▸ **Exercise prompt**
Everything from the line that contains "For every layout" to the end of the records below, both lines included, should be transcribed exactly and returned alone.

== == ==

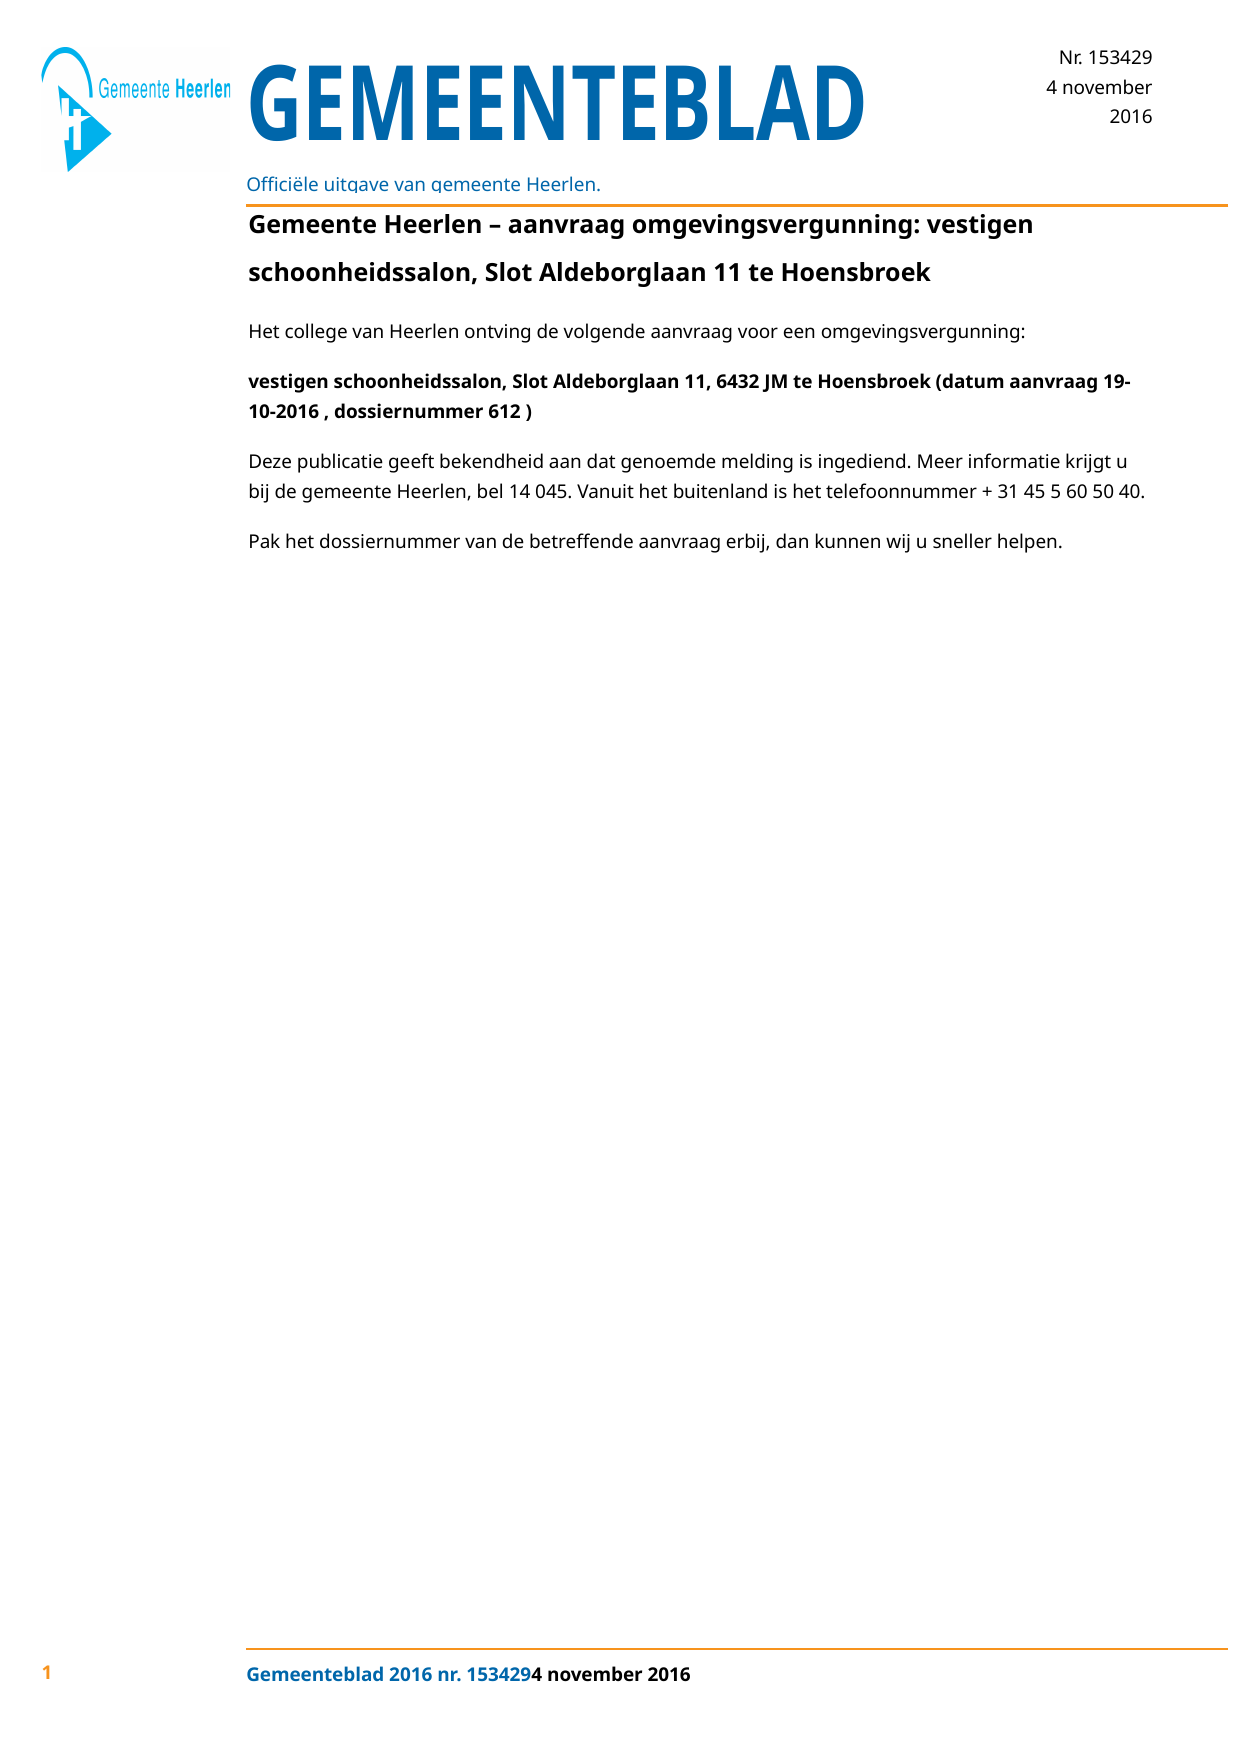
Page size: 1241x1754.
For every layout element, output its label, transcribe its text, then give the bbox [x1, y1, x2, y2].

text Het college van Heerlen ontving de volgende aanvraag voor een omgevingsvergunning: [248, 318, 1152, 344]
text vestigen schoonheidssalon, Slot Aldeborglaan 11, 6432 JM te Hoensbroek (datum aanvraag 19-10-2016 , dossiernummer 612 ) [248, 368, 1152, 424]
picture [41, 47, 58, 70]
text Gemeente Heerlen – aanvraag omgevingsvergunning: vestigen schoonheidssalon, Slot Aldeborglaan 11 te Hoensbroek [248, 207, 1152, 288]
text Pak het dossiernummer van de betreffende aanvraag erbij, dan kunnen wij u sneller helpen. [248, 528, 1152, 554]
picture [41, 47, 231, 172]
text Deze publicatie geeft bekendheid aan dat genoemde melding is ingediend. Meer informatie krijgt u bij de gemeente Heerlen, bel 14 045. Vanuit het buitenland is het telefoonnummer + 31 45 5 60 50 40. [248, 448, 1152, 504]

== == ==

▸ **Answer section**
For every layout element, output its label, transcribe its text, then give the bbox [x1, y1, x2, y2].

text Het college van Heerlen ontving de volgende aanvraag voor een omgevingsvergunning: [248, 318, 1152, 344]
text vestigen schoonheidssalon, Slot Aldeborglaan 11, 6432 JM te Hoensbroek (datum aanvraag 19-10-2016 , dossiernummer 612 ) [248, 368, 1152, 424]
picture [41, 47, 58, 70]
text Gemeente Heerlen – aanvraag omgevingsvergunning: vestigen schoonheidssalon, Slot Aldeborglaan 11 te Hoensbroek [248, 207, 1152, 288]
text Pak het dossiernummer van de betreffende aanvraag erbij, dan kunnen wij u sneller helpen. [248, 528, 1152, 554]
picture [41, 47, 231, 172]
text Deze publicatie geeft bekendheid aan dat genoemde melding is ingediend. Meer informatie krijgt u bij de gemeente Heerlen, bel 14 045. Vanuit het buitenland is het telefoonnummer + 31 45 5 60 50 40. [248, 448, 1152, 504]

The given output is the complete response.